# Bouyant force accelerates released balloon

1. Mar 30, 2013

### johns123

1. The problem statement, all variables and given/known data
A small balloon filled with helium is released. What is it's initial upward acceleration? The only data given is ρ air = 1.29 kg/m^3 and ρ helium is .18 kg/m^3

I assume the bouyant force ( FB ) = the weight of the air displaced by the balloon

so BF = W(air) = ρ(air) * g * VolB = MassB * Accel

and VolB = MassB / ρ(helium)

2. Relevant equations

so Accel = [ ρ(air) / ρ(he) ] * g = ( 1.29 / .18 ) * 9.81 = 70.3 m/s^2

3. The attempt at a solution

the answer in the book is 61 m/s^2, and I found that ρ(air) and ρ(he) change with temperature, but I have not been able to get the answer in the book. At ρ(air) 20degrees C, I get Acc = 65.4 m/s^2 which is still too high.

2. Mar 30, 2013

### Staff: Mentor

Don't forget the weight of the balloon (well, the helium inside) itself.

3. Mar 30, 2013

### johns123

Maybe something like BF = W(air) - W(he) = g * VolB( p(air) - p(he) ) = MassB * Acc

then Acc = [ p(air) - p(he) / p(he) ] * g = [ (1.29 - .18) / .18 ] * 9.81 = 60.5 !!!!!!!!!!!!!!!
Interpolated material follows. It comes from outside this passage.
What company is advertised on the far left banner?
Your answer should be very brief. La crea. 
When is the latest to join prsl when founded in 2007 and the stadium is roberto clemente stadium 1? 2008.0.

You sir, are a freakin' genius :-)

4. Mar 31, 2013

### johns123

Finally, I see the concept: It's 2 problems in one. Net Force vertical .. and .. bouyant force vertical.

Net Force = BF(air) - W(he) = W(air) - W(he) = p(air)*g*VolB - p(he)*g*VolB = MassB*Acc = p(he)*VolB*Acc

then Acc = g * [ p(air) - p(he) ] / p(he) = 60.5 m/s^2 which is the correct answer.

I wonder if this is also true of an object under water ? And we just ignore the gravitational attraction since it is only a very small part of the answer ??? Like I've been doing.

5. Mar 31, 2013

### Staff: Mentor

For something filled with gas, under water, you can usually neglect the gravitational force on the gas, right.

6. Mar 31, 2013

### johns123

Yes. But when I needed to not ignore it, I didn't have a clue. It still seems a bit strange, but I finally realized that the gravitational force on the object was independent of it's volume and had to be considered separately. I might see this problem again with a heavy submarine .. and I'll be watching for it. Thanks MFB.